**PROBLEM DETAILS:**
In the material below, pictures must be dropped. Repeat exactly, and only, the lines from the line with "text Flip horizontally [159, 304, 1090, 331]" to the line with "List each element's", both ends included.
☆ ☆ ☆ ☆
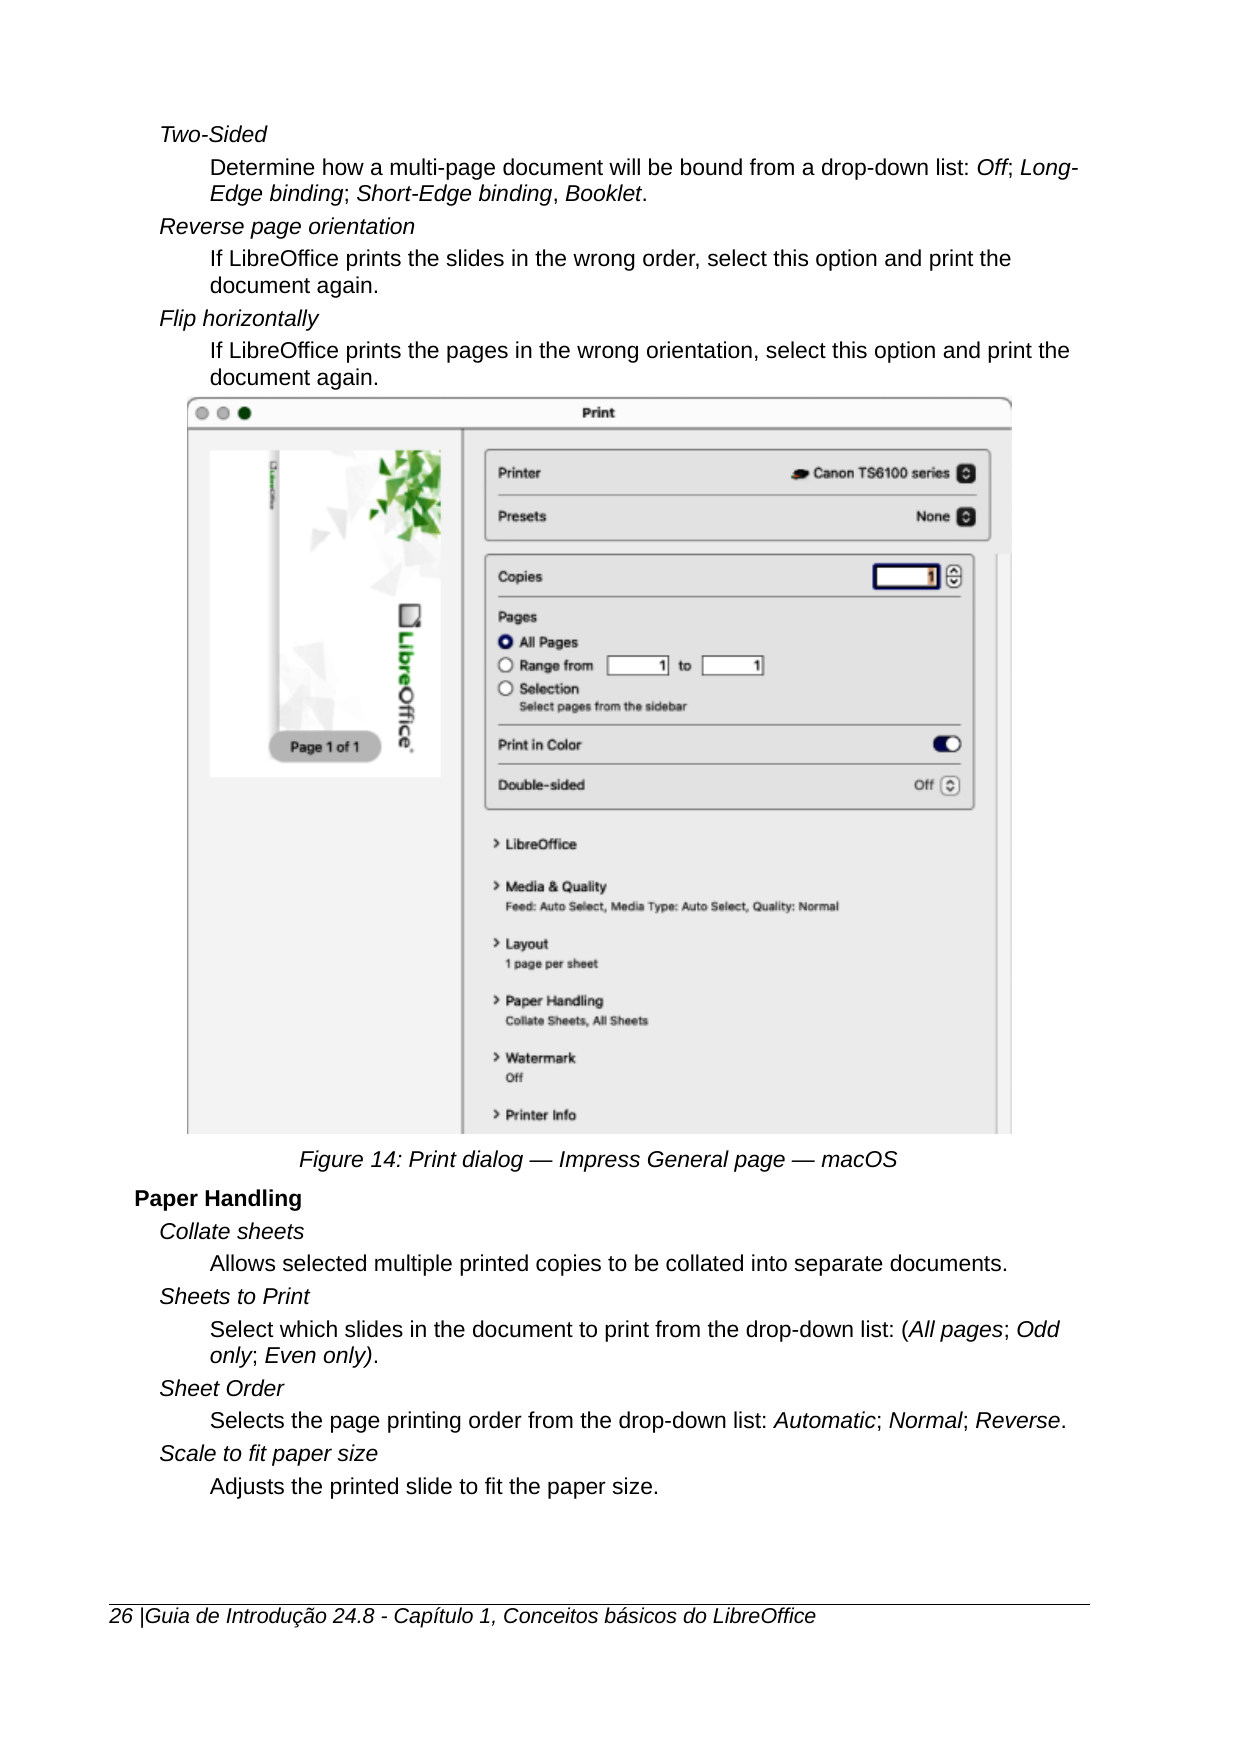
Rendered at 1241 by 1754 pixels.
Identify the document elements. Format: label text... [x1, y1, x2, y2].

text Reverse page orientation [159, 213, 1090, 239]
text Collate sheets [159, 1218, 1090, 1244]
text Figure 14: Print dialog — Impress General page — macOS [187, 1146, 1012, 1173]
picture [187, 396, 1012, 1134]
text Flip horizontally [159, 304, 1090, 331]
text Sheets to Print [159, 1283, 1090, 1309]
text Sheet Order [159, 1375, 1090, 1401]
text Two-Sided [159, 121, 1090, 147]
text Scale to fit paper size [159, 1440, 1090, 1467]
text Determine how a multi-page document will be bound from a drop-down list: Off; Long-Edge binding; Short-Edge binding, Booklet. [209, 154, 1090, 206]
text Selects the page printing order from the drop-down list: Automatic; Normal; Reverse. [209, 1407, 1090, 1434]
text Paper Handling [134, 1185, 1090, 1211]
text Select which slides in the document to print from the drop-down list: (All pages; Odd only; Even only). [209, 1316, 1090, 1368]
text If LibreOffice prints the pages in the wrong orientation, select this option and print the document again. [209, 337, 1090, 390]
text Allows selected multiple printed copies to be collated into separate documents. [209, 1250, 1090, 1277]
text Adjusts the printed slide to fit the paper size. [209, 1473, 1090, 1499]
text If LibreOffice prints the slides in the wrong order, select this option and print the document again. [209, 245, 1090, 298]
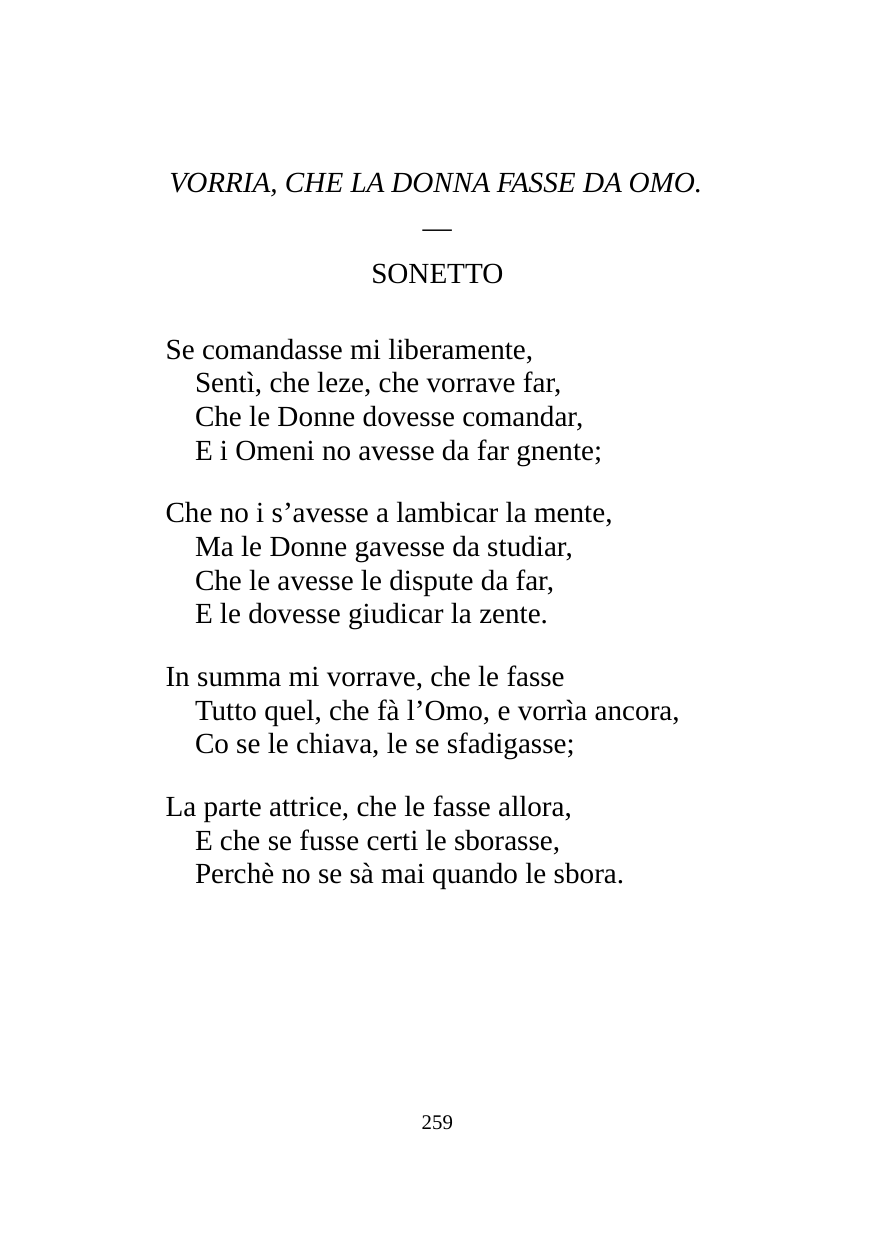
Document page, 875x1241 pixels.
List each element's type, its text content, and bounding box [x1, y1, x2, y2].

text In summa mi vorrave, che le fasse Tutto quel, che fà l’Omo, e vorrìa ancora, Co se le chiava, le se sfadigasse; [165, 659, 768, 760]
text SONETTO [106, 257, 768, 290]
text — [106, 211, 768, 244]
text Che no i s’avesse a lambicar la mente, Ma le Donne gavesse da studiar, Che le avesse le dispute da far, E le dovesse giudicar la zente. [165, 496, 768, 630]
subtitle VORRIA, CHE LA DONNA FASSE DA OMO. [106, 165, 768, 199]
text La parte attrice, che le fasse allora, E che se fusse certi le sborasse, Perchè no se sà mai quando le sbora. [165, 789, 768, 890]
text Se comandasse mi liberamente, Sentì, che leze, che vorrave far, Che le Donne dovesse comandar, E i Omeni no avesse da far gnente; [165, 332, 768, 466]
☆ ☆ ☆ ☆
**RESULT FOR THIS TASK:**
text Flip horizontally [159, 304, 1090, 331]
text Sheets to Print [159, 1283, 1090, 1309]
text Sheet Order [159, 1375, 1090, 1401]
text Two-Sided [159, 121, 1090, 147]
text Scale to fit paper size [159, 1440, 1090, 1467]
text Determine how a multi-page document will be bound from a drop-down list: Off; Long-Edge binding; Short-Edge binding, Booklet. [209, 154, 1090, 206]
text Selects the page printing order from the drop-down list: Automatic; Normal; Reverse. [209, 1407, 1090, 1434]
text Paper Handling [134, 1185, 1090, 1211]
text Select which slides in the document to print from the drop-down list: (All pages; Odd only; Even only). [209, 1316, 1090, 1368]
text If LibreOffice prints the pages in the wrong orientation, select this option and print the document again. [209, 337, 1090, 390]
text Allows selected multiple printed copies to be collated into separate documents. [209, 1250, 1090, 1277]
text Adjusts the printed slide to fit the paper size. [209, 1473, 1090, 1499]
text If LibreOffice prints the slides in the wrong order, select this option and print the document again. [209, 245, 1090, 298]
Document page, 875x1241 pixels.
List each element's type, its text content, and bounding box [x1, y1, x2, y2].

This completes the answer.